Although the embodiments of the present invention have been described above, the above description is only for the convenience of understanding the present invention, and is not intended to limit the present invention. It will be understood by those skilled in the art that various changes in form and details may be made therein without departing from the spirit and scope of the invention as defined by the appended claims. Therefore, the scope of the present invention should be determined by the following claims.

Claims

1. A method for detecting and identifying a weak target in an airport panoramic video is characterized by comprising the following steps: the method comprises the following steps:

2. The system of claim 1, wherein the airport panorama is an airport panorama picture captured and assembled by 3 or more high-focus cameras.

3. The system of claim 1, wherein the enhancement process is processing weak target material using an image repositioning method: cutting off the area where the target does not appear in the image, and then amplifying the image containing the target to be identified.

4. The system of claim 3, wherein the teacher network is based on a Darknet _3 multi-scale feature fusion network, and comprises 23 Residual Block modules, 1 Conv Block module, 5 convolutional layers and a fully-connected layer, and outputs features of three scales 13, 26 and 52, and fuses feature information of the three scales.

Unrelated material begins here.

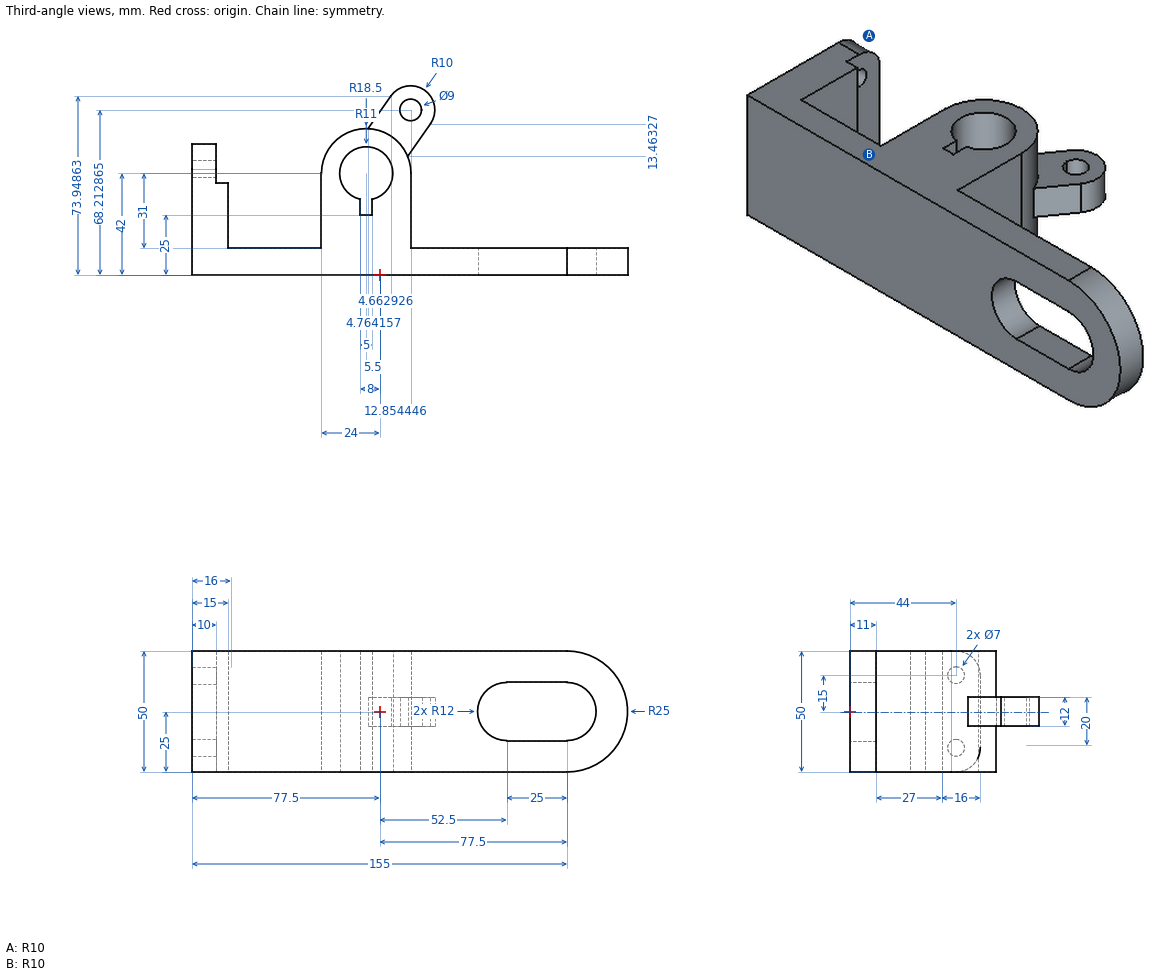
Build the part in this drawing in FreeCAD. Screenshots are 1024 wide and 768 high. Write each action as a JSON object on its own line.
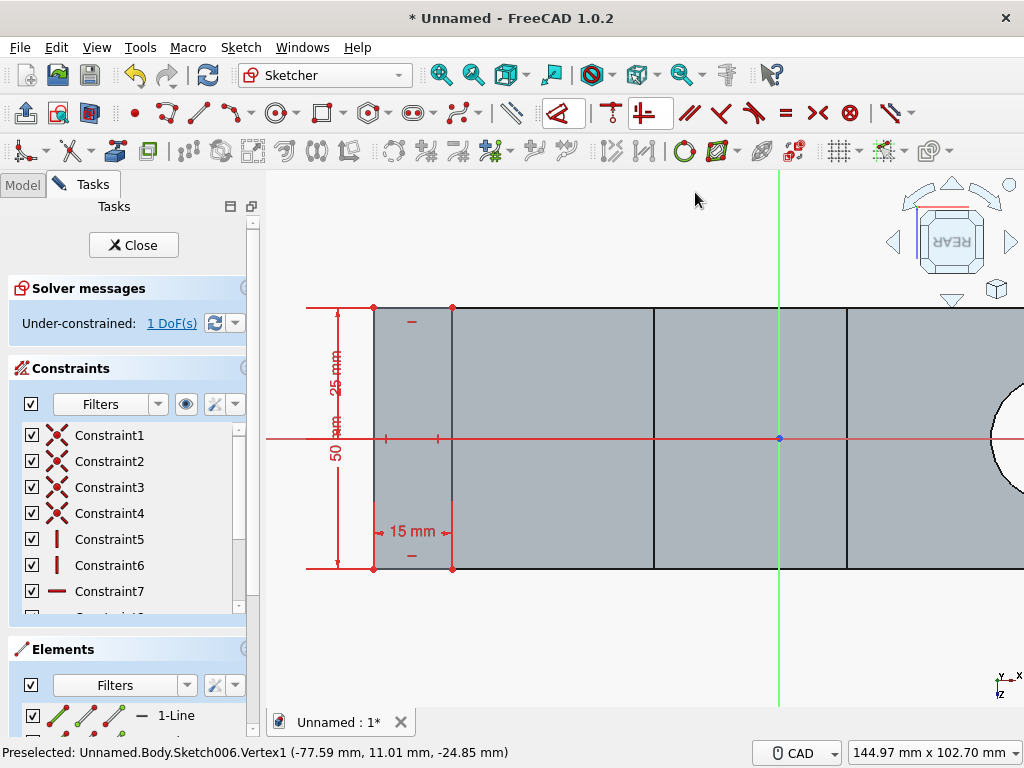
{"action": "left_click", "coordinate": [374, 308]}
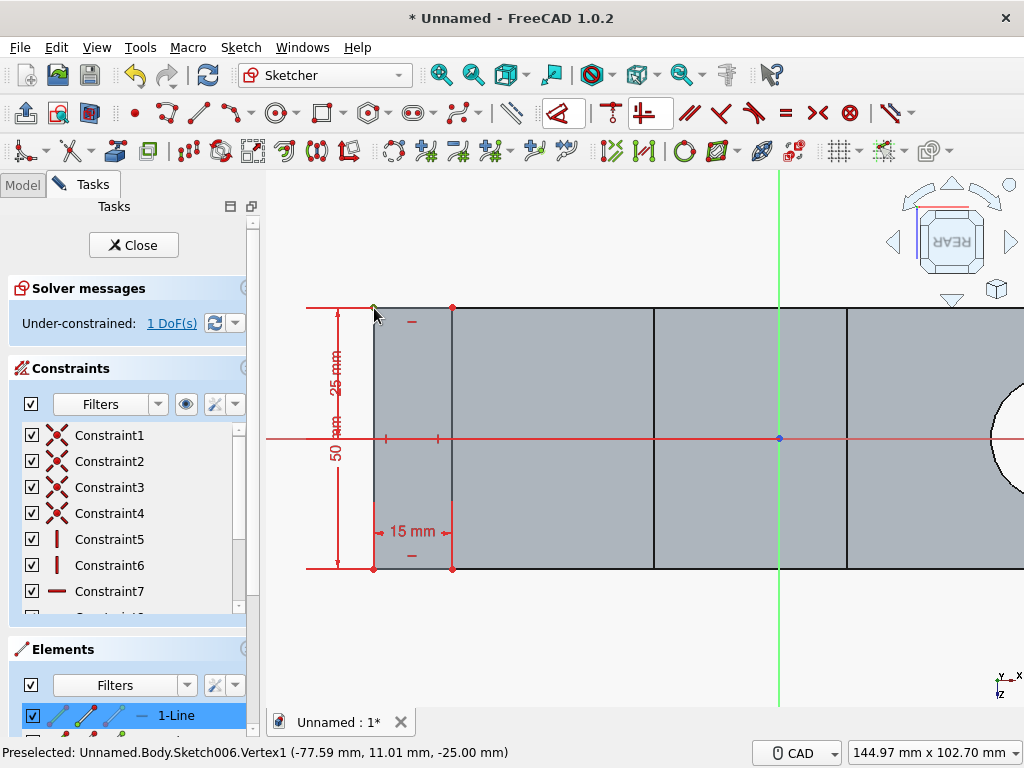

5. The system of claim 4, wherein the student network is based on Tiny yolo, and comprises 13 convolutional layers, 6 max pooling layers, 2 output layers, 2 feature fusion layers, and 1 upsampling layer, and the output is two-dimensional features of 26 x 26 and 52 x 52 and is fused.

6. The system of claim 1, wherein the knowledge distillation method is to use a trained teacher model to obtain a small model more suitable for reasoning through a knowledge distillation means.

7. The system of claim 1, wherein the cross entropy weighting calculation process in step 4 is as follows:

L_total＝αL_soft+βL_hard

wherein L is_softCross entropy, L, corresponding to soft objects_hardCross entropy, L, corresponding to hard objects_totalAlpha and beta are the corresponding weighting coefficients for the resulting total loss of the student network.

8. The system of claim 7, wherein the teacher network is provided by a teacher-side networkThe Softmax function increases the 'temperature' parameter T, thereby controlling the cross entropy q of the output soft target_i：

9. The system according to any one of claims 1, 7 and 8, wherein the weighting coefficient of the cross entropy corresponding to the soft target is larger in the early stage of network training than in the later stage of network training.

10. The system according to claim 1, wherein the training set is constructed in steps 1 and 2 by labeling the target with a labeling tool to form a training set using hard labels.